Our Letter to National Marine Sanctuary Managers:
September 2020
Dear Mr. Douros and Mr. Michel:
We, the undersigned, are concerned that the latest conservation management plan proposed for the Monterey Bay National Marine Sanctuary and Davidson Seamount would allow continued commercial fishing in much of the water column above the seamount. As you well know, the California seamounts collect a vast and spectacular array of wildlife –colorful sponges, corals, and fish--on their slopes, and abundant and diverse marine life in the water column above. As the ocean warms, places like Davidson Seamount are becoming even more critical as climate refuges for ocean life, but to provide complete conservation benefits, refuges like seamounts need protection for the entire ecosystem from the deep bottom all the way to the surface of the ocean.
The Davidson Seamount has often been called an Oasis of the Deep, filled with fragile deep sea corals below and teeming above with marine life such as whales, seabirds, sea turtles, tuna, sharks, and swordfish. But the proposed Sanctuary plan does not protect the waters above the seamount (from the surface to 3,000 feet down fishing is allowed). Monterey Bay Sanctuary’s own report on threats to the seamount [page 15] documents risks to the whole ecosystem from commercial fishing for tuna, sharks and swordfish.
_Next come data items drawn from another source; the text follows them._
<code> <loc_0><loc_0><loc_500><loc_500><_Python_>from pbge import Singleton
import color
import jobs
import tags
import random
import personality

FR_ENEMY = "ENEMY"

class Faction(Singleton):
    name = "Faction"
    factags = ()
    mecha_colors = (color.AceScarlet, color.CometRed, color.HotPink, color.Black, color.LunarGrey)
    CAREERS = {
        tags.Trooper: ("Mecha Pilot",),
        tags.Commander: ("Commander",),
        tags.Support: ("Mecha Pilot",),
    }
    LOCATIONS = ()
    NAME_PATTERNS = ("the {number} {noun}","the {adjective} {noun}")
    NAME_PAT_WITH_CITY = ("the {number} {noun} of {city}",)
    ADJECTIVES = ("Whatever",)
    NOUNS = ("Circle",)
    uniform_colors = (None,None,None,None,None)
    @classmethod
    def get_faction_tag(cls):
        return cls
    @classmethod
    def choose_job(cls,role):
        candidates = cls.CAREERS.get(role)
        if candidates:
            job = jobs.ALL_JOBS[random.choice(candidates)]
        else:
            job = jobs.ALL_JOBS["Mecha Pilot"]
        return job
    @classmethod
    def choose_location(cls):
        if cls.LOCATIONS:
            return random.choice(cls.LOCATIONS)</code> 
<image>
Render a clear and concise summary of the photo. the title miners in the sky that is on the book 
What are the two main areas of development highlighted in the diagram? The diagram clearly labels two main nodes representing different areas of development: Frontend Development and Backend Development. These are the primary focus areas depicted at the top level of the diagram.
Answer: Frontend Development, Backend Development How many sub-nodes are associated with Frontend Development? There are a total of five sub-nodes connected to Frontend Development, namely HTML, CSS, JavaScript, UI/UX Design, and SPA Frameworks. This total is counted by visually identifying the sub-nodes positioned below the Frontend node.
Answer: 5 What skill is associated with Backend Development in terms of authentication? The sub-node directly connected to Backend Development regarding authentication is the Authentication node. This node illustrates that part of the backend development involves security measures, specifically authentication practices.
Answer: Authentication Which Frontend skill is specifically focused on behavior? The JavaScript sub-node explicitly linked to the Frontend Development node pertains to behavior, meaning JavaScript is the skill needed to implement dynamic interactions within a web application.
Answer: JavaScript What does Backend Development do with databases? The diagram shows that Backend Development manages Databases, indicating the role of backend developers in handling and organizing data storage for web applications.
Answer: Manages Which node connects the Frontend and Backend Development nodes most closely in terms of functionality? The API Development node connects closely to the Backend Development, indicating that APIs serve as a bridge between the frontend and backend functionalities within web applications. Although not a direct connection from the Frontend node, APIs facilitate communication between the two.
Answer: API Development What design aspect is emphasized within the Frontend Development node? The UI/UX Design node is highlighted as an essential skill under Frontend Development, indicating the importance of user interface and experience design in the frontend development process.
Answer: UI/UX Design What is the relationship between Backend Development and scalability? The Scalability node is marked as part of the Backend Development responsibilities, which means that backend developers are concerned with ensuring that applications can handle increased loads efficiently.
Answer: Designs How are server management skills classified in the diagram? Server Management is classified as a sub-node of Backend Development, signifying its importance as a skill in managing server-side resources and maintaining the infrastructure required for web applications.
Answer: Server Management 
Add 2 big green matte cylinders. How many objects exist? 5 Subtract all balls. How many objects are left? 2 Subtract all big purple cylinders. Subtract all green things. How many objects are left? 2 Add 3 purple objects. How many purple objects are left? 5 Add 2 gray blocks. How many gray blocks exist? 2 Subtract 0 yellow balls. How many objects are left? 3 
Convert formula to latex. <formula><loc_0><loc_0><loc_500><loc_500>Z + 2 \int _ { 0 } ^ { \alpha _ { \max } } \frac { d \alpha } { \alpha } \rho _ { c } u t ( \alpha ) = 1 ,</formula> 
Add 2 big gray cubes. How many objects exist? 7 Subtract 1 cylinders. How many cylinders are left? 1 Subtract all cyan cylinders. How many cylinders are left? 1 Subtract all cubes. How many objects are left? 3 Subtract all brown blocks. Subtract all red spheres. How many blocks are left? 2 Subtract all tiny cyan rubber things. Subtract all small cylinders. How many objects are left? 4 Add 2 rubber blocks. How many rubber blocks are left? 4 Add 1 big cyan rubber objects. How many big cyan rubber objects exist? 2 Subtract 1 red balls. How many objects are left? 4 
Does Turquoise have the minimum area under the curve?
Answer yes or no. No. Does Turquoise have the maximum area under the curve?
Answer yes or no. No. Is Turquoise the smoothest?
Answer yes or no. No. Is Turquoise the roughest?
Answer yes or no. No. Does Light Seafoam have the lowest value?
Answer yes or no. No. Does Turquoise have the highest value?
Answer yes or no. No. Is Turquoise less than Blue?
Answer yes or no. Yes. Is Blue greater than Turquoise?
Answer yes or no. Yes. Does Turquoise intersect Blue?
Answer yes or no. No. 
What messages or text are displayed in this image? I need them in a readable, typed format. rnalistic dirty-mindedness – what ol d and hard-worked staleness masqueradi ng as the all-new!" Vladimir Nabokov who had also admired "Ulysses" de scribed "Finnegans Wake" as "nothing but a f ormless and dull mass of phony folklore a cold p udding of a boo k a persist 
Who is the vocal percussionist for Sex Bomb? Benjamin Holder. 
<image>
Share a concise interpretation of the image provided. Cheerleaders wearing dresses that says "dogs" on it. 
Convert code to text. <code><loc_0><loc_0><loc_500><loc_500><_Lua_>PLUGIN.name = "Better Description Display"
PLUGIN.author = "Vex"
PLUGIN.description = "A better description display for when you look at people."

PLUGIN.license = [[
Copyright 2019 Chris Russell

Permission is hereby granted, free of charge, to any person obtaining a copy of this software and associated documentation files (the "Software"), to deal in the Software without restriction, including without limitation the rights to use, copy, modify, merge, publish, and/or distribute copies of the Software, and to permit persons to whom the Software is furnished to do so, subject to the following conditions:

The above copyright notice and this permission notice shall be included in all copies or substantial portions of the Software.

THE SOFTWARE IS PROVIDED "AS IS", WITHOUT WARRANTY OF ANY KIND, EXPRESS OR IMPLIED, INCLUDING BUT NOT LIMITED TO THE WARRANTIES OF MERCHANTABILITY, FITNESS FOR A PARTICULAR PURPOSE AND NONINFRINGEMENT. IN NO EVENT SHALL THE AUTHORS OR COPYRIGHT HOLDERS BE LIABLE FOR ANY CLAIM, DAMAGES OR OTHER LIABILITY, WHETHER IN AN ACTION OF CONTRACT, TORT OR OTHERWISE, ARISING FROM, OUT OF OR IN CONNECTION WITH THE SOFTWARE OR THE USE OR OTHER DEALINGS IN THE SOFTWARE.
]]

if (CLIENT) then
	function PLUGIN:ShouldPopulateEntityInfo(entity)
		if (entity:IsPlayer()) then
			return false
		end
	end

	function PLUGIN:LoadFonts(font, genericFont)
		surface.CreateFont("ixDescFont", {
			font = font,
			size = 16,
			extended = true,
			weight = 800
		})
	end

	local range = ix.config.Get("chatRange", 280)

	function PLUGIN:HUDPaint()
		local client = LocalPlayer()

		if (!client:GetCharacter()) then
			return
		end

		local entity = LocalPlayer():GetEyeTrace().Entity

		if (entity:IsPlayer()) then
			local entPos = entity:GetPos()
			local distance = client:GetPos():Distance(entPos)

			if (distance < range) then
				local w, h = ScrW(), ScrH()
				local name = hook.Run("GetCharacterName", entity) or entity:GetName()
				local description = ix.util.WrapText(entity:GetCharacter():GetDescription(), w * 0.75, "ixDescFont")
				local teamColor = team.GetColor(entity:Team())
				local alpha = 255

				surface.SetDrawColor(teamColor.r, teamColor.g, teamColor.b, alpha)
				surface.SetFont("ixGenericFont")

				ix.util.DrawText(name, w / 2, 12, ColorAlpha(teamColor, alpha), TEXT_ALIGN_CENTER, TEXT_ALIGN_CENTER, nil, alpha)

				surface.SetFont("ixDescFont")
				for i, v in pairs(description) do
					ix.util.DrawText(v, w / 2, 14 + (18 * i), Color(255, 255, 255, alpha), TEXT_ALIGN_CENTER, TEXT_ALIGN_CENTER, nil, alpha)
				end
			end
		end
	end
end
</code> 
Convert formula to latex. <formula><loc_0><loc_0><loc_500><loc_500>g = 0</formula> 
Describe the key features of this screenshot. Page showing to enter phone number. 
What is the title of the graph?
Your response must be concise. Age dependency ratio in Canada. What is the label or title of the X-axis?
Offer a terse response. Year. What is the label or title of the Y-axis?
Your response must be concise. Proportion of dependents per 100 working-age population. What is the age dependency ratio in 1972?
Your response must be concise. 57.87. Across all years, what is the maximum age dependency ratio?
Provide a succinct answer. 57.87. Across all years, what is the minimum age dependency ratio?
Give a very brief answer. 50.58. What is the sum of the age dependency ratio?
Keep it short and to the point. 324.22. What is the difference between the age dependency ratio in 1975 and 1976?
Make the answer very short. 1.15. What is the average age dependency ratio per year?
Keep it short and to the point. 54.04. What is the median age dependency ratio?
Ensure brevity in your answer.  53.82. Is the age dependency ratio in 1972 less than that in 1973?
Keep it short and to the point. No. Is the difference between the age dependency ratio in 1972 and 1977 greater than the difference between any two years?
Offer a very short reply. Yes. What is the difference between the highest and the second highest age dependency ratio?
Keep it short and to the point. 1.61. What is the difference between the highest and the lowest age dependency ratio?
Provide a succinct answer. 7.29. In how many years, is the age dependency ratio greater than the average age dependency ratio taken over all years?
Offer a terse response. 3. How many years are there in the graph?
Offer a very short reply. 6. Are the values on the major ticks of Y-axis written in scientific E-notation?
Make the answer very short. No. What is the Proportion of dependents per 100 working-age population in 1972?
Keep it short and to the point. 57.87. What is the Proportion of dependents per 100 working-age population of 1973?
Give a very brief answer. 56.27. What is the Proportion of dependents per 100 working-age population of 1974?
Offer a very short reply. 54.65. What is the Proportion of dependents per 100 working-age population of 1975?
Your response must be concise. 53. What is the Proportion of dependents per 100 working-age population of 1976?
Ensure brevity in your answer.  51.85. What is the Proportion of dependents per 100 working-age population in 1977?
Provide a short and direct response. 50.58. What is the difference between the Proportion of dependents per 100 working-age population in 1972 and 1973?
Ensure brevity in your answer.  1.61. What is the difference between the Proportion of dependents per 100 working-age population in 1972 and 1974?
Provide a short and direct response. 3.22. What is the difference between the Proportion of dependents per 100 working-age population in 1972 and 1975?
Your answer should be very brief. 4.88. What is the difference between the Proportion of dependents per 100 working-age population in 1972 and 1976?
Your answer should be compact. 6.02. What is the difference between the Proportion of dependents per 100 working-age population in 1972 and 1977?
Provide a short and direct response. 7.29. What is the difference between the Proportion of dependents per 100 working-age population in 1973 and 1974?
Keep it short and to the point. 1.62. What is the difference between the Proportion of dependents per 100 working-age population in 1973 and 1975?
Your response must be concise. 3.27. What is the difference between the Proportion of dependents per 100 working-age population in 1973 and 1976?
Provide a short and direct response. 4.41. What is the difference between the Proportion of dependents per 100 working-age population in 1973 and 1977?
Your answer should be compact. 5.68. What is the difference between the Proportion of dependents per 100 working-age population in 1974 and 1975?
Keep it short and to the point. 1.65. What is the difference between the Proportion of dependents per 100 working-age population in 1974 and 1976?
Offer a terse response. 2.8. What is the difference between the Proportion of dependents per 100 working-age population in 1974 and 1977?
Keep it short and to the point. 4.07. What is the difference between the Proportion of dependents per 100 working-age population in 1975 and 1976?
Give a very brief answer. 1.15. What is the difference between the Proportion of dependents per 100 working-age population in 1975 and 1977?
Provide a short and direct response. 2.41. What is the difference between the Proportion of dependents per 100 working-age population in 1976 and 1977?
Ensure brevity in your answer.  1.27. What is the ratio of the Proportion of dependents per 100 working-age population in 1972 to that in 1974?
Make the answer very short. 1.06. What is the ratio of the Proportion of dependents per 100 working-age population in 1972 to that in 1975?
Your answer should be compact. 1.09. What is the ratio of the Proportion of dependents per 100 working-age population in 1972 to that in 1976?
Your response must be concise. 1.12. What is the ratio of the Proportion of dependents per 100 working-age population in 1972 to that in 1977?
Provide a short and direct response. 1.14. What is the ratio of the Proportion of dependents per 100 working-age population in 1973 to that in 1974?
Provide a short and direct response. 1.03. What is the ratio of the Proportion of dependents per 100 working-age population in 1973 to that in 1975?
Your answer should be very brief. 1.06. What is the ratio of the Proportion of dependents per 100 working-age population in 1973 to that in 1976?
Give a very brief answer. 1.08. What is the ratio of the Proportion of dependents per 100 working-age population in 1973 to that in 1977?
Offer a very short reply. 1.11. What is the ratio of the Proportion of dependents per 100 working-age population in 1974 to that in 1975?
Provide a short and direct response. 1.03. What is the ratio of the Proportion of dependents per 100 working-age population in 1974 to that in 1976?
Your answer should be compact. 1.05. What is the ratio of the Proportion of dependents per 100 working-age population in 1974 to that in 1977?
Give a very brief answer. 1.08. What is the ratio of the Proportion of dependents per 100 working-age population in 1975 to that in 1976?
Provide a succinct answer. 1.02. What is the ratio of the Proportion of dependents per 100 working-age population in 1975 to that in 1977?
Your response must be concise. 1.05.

Many ocean conservation studies show that removal of top predators like tuna and sharks from surface waters can not only effect the abundance of the smaller fish they eat but also ripple through the food web below. Removing top predators can even have an impact on zooplankton and plankton all down at the base of the food chain and reduce the diversity of marine life in the area.[i] Further, there are very few fully protected open ocean marine protected areas in the world; Davidson Seamount would be an important addition.[ii]
We believe it is imperative for the water column above the seamount to be fully protected from fishing and other forms of ocean extraction. Fishing, especially commercial fishing, can change the entire seamount ecosystem from seafloor to the top of the ocean. We should not let that continue.
Yours in ocean protection,
[Your name here]
[i] Julia K. Baum and Boris Worm. (2009) Cascading top-down effects of changing oceanic predator abundances. British Ecological Society, Journal of Animal Ecology 78, 699–714
Guillermo Ortuño Crespo and Daniel C. Dunn. (2017) A review of the impacts of fisheries on open-ocean ecosystems. ICES Journal of Marine Science, doi:10.1093/icesjms/fsx084
[ii] Edward T. Game et. al. (2009) Pelagic protected areas: the missing dimension in ocean conservation, Trends in Ecology and Evolution, add rest of reference.